Bottom line, you cant put a specific number on it... its all what the owner wants... if you want a dark, nasty, swamp then dont have any turnover. If you want 1000000 GPH, and a fast flowing tank thats up to you.

I will comment, that i have a project in the works when i get some extra money... It will be a 8' "Linear Flow" tank, where water flows from left to right, and a closed loop pump (variable frequency drive) will move water from one end, to the other, and i can turn a dial and increase that flow up to 20,000gph (approx) or down to 10gph... Basically a section of river that flows as fast or slow as i want.


----------



## Ba20 (Jan 29, 2003)

Well said Egir


----------



## FEEFA (Nov 19, 2007)

I have 1100+ gph in my 220gal and thats just filtration.
How many times turnover is that?


----------



## Winkyee (Feb 17, 2003)

I have one old powerhead in my 180 with a large canister filter.
There's decent flow in areas and little in others and it seems to be working well for me. I'd hate to see a tank with water swirling like the Niagara river in springtime.


----------



## Guest (Mar 5, 2010)

Ægir said:


> I have 1100+ gph in my 220gal and thats just filtration.
> How many times turnover is that?


1110gph of flow / 220g volume gives you about 4-5x turnover, and is pretty good I would say.


----------



## Soul Assassin (Nov 21, 2006)

According to the calculator on this sight my 65 gal tall only needs 200-300 GPH, I got a 400GPH HK1, I agree with whoever said that its not that powerful, I could only feel the current for about a foot but I think it s good like that, your P wont be happy in a washing machine

4-5 times is sufficient to keep sh*t suspened until the filter does its job


----------



## CLUSTER ONE (Aug 2, 2006)

Soul Assassin said:


> According to the calculator on this sight my 65 gal tall only needs 200-300 GPH, I got a 400GPH HK1, I agree with whoever said that its not that powerful,
> its job


I said that. Like I said already i have a k1 on my 15g reef. Its decent current for a fw tank, but the salt water fish can easily swim in it despite the initial shock factor of 400gph


----------



## Guest (Mar 6, 2010)

My last reef had 40x turnover but I would never wish that upon a prianha!


----------



## bigshawn (Dec 29, 2005)

I haven't read anything where someone said they HAD to have current people as for advise on what others have on there tanks thats there preference not a rule, I agree there is a time where one may have to much current in there size tank


----------



## assclown (Dec 12, 2005)

here is where experience comes into play.........

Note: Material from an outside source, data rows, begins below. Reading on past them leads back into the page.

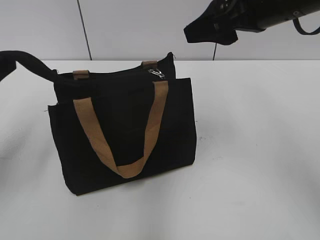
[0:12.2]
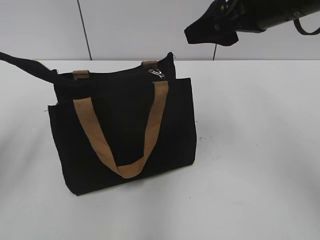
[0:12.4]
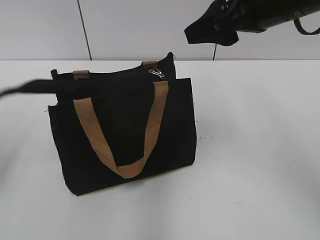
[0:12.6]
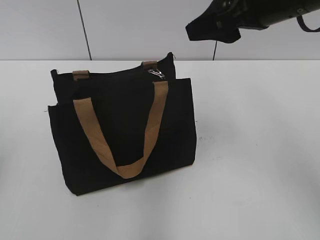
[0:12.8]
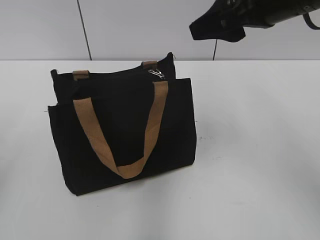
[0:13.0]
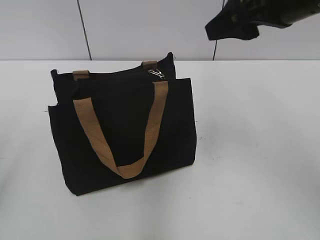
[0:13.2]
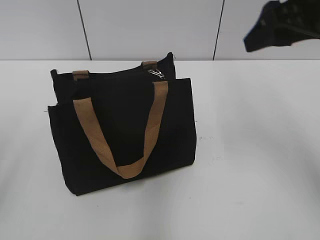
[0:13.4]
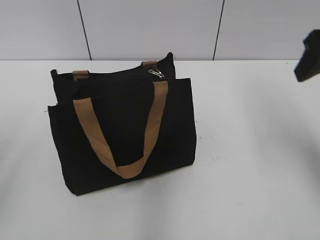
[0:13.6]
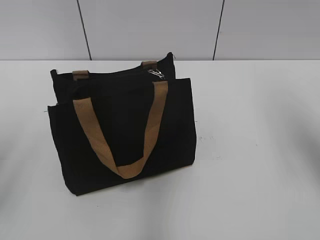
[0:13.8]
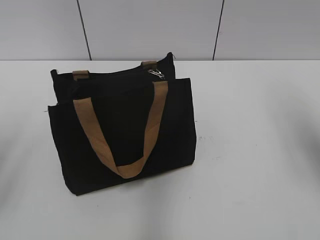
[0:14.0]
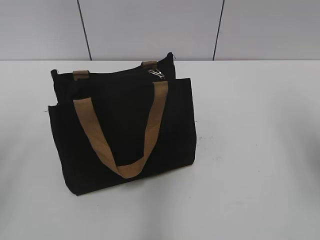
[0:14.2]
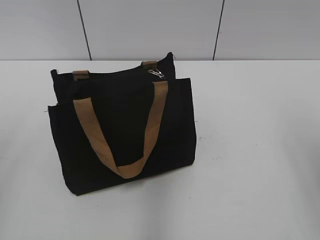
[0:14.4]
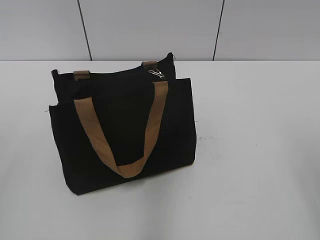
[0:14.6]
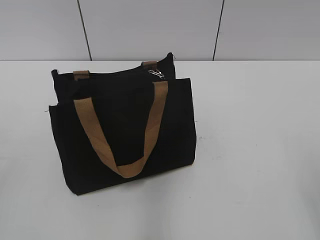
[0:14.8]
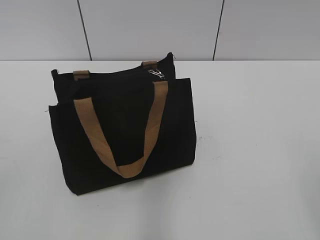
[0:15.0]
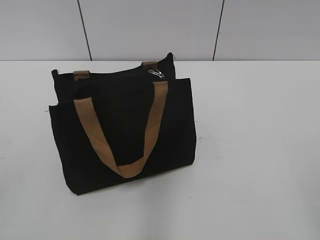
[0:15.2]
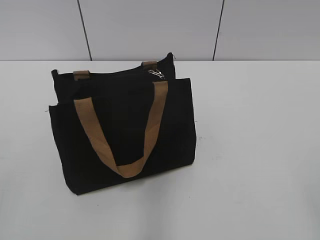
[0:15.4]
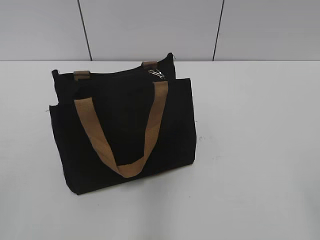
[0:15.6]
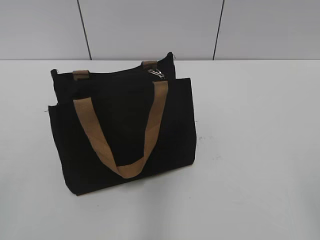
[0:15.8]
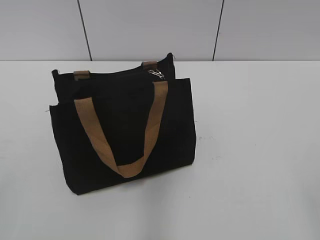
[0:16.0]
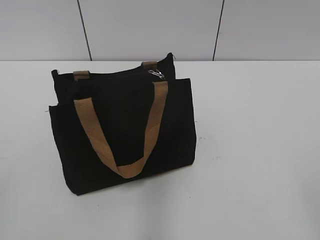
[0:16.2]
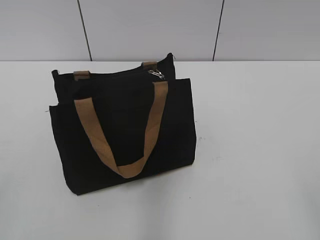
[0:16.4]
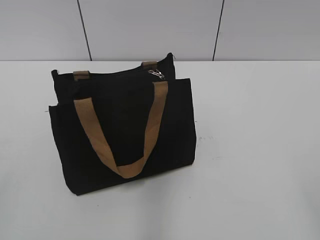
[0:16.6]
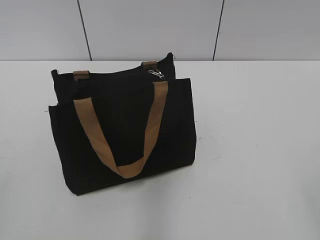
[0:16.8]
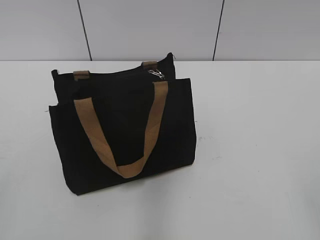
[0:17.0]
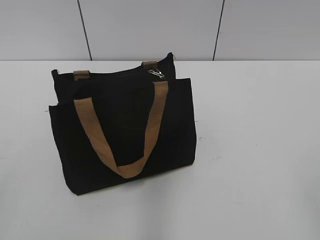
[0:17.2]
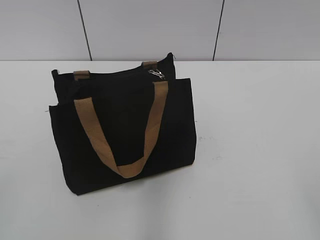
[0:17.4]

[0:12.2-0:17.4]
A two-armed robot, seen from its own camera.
0:12.2 to 0:14.0: The right gripper goes roughly 15 cm to the right.
0:14.0 to 0:15.6: Both grippers travel together backward, roughly 25 cm.
0:15.6 to 0:17.4: Neither gripper changes place.

is your fish comfy with a powerhead?

you have to add a powerhead and see if the fish likes it, if it swims away from
the currant than no it doesnt like it. i have 2 rhoms and the smaller one who is
in a 180g tank has a catallina 3300 in it real close to the top water line and its
doing close to 1000gph, he loves it...he will swim in the currant etc. and i have 
plenty of places he can rest.

my bigger rhom has a 2200 in a 240g, it does 850gph it didnt like the 3300gph
because it was struggling to swim and did not go into the currant.

so my point is this, rules are ment to be broken, see what your fish like and 
dislike and go from there


----------



## TheWayThingsR (Jan 4, 2007)

I personally have just a bit over 1000 gph for my 125, which is 8x. Keeps my water crystal clear.


----------



## ...Jay... (Nov 2, 2006)

this is a perfect topic for me right now. I'm setting up a tank and cant decide what to filter it with.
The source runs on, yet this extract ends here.